In addition, the microcontroller MC1 and the measuring unit M1 are communicated with each other through the second communication coupling. Thus, the microcontroller MC1 obtains the pack voltage and pack current of the battery pack BP1.

That is, when the first communication connection and the second communication connection are in a communication state, the microcontroller MC1 obtains the cell voltages of the plurality of cells S1 to Sn, the pack temperature of the battery pack BP1, the pack voltage of the battery pack BP1, and the pack current of the battery pack BP1.

(When the First Communication Connection and the Second Communication Connection are Connected)

Subsequently, when the first communication connection and the second communication connection is a communication state, the information stored by the storage unit 15 will be described. FIG. 5 is a diagram showing a relationship between a charging state of a cell and a cell voltage, and a relationship between a charging state of a battery and a pack voltage.

The microcontroller MC2 obtains the cell voltage and pack temperature. Thus, as shown in FIG. 5A, the storage unit 15 stores the relationship between the charging state and the cell voltage of the cell at each temperature. In FIG. 5A, three curves with different temperatures are shown. In FIG. 5A, when the temperature becomes lower, even in the state of charge of the same cell, the necessary cell voltage decreases.

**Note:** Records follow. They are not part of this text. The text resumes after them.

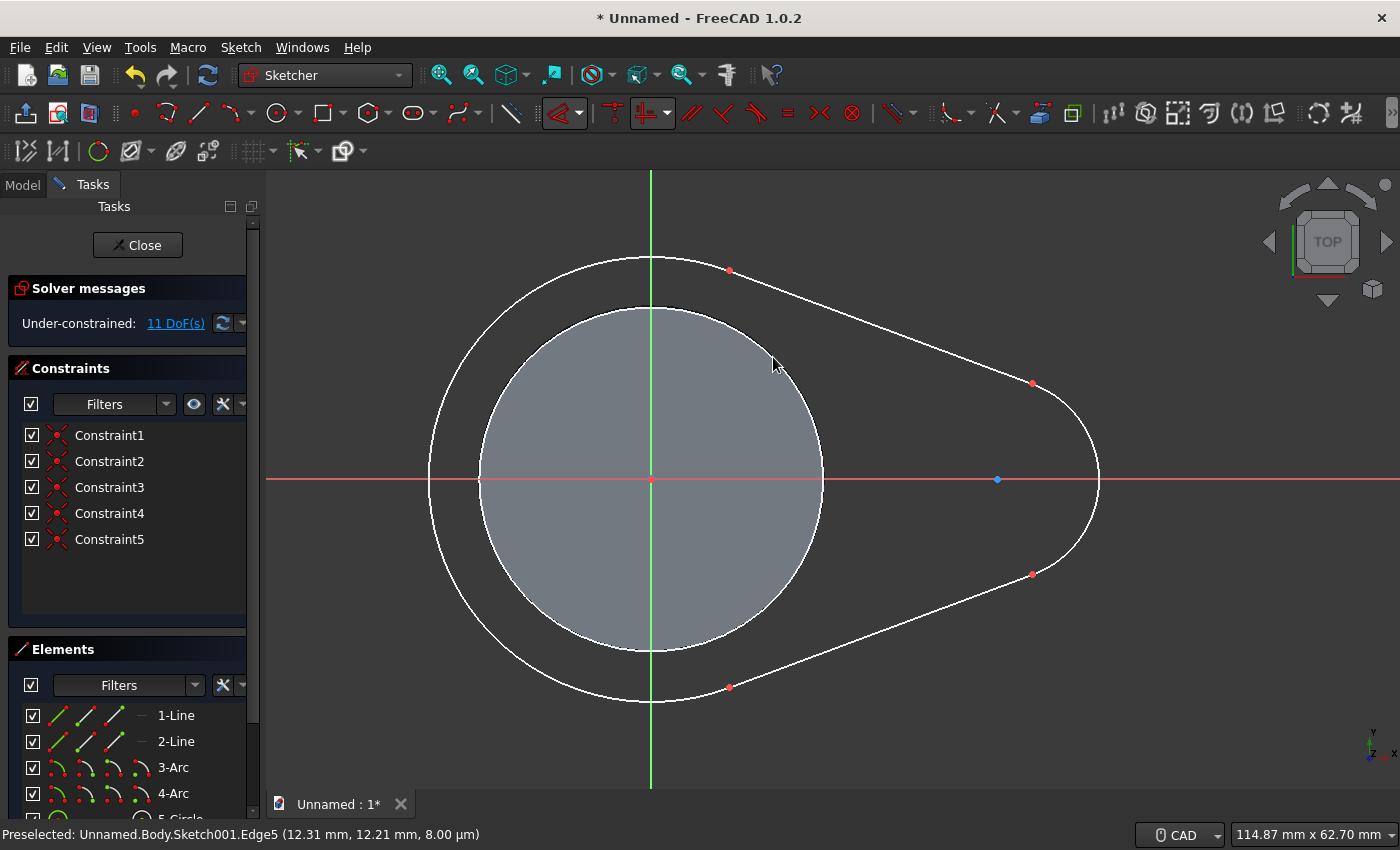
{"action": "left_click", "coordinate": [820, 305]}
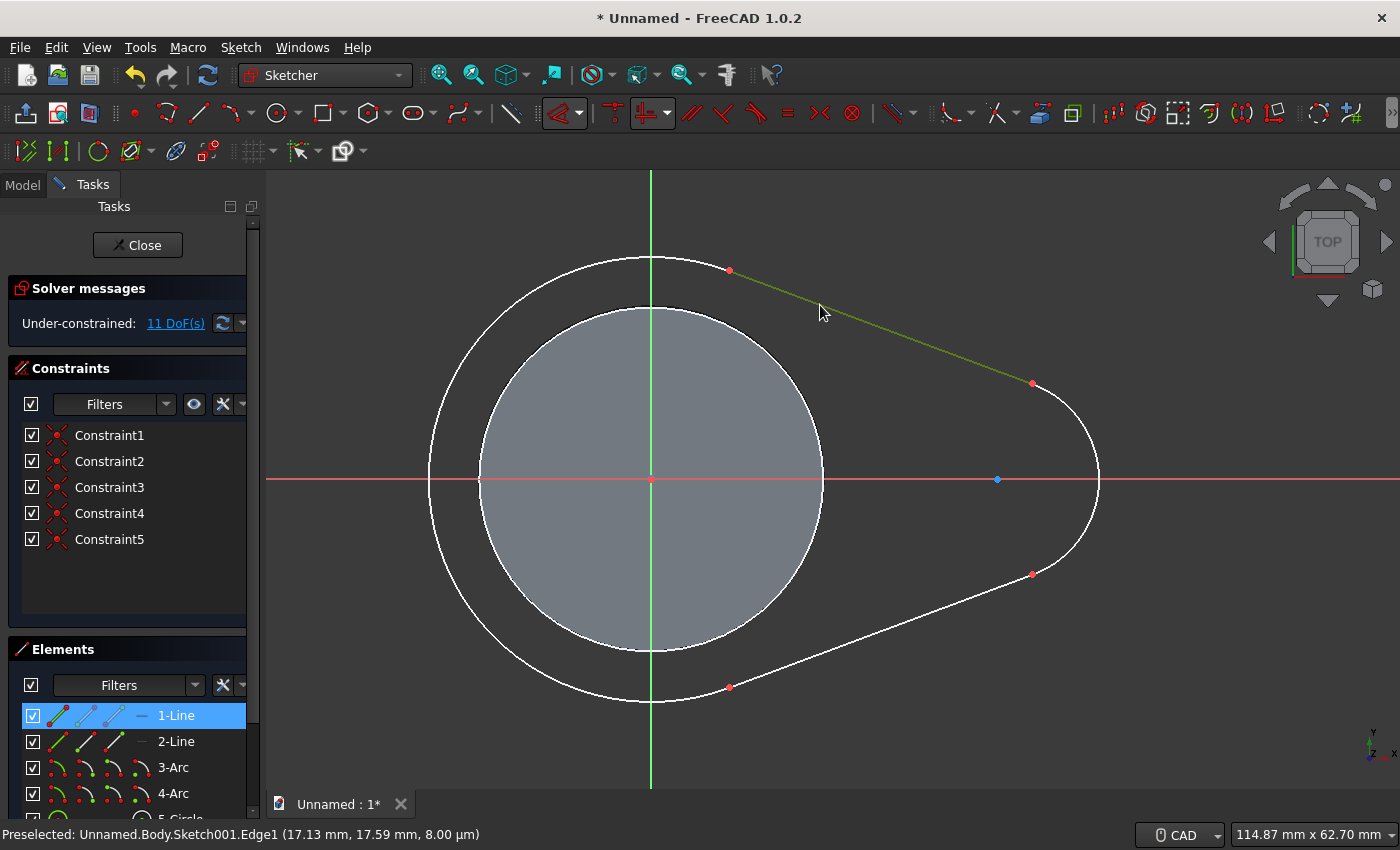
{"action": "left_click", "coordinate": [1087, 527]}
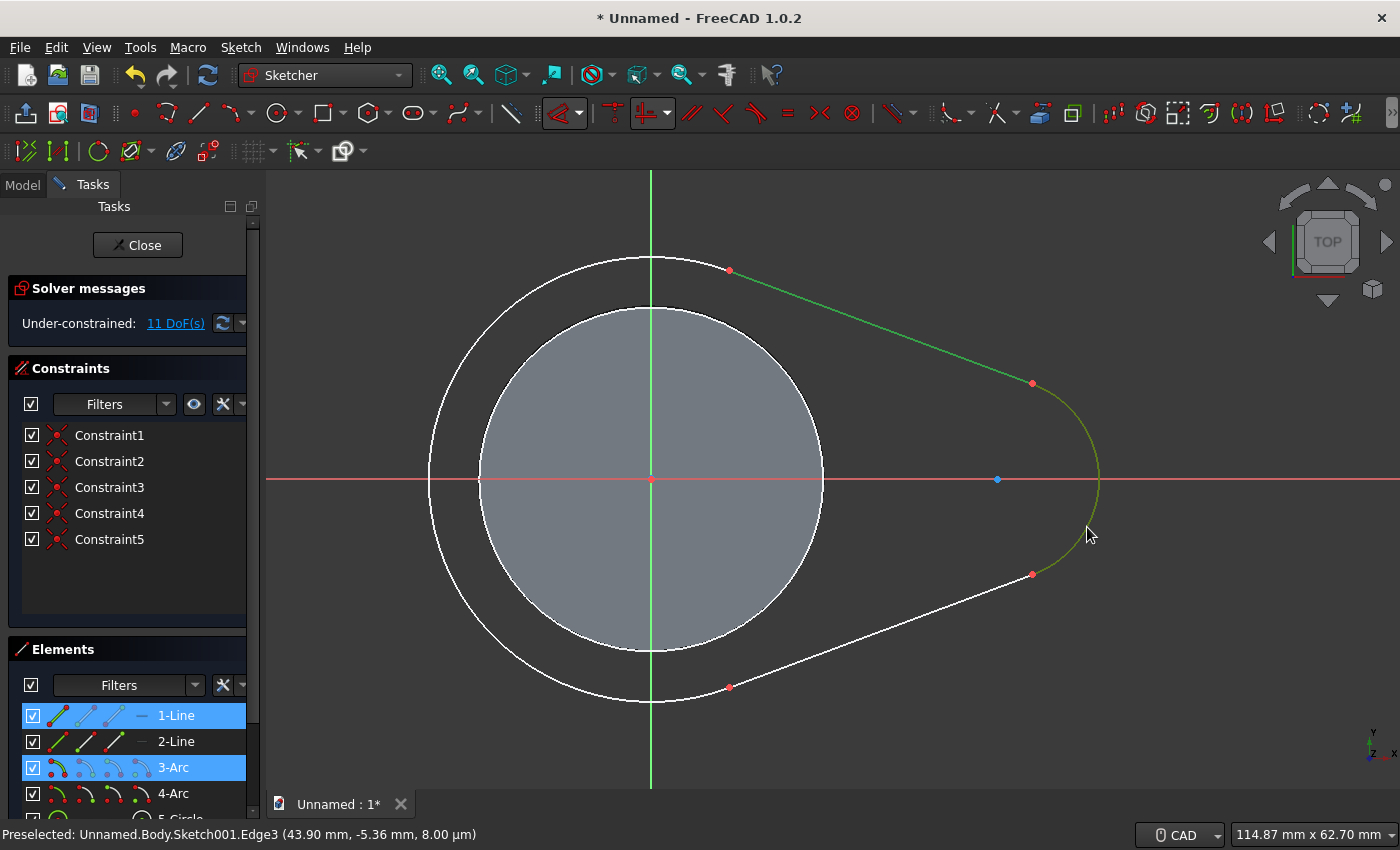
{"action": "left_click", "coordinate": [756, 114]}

The microcontroller MC2 obtains the pack voltage and pack temperature. Thus, the storage unit 15 stores the relationship between the charging state of the battery and the pack voltage at each temperature as shown in FIG. 5B. In FIG. 5B, three curves with different temperatures are shown. In FIG. 5B, when the temperature becomes lower, even in the state of charge of the same cell, the required pack voltage decreases.

The microcontroller MC2 obtains the pack temperature and the pack current. Thus, the storage unit 15 stores the relationship between the pack current and the pack temperature change during charging and discharging. FIG. 6 is a diagram showing a change in the pack current with respect to time, a change in the pack temperature in response to time, and a relationship between the pack current and the pack temperature change.

As shown in FIGS. 6A and 6B, the storage unit 15 stores a change in the pack current in response with respect to time and a change in the pack temperature with respect to time. The microcontroller MC2 calculates the relationship between the pack current and the pack temperature change shown in the lower stage of FIG. 6 using the change in the pack current with respect to the time shown in FIG. 6A and the change in the pack temperature with respect to the time shown in FIG. 6B. Then, the storage unit 15 stores the relationship between the pack current and the pack temperature change shown in FIG. 6C.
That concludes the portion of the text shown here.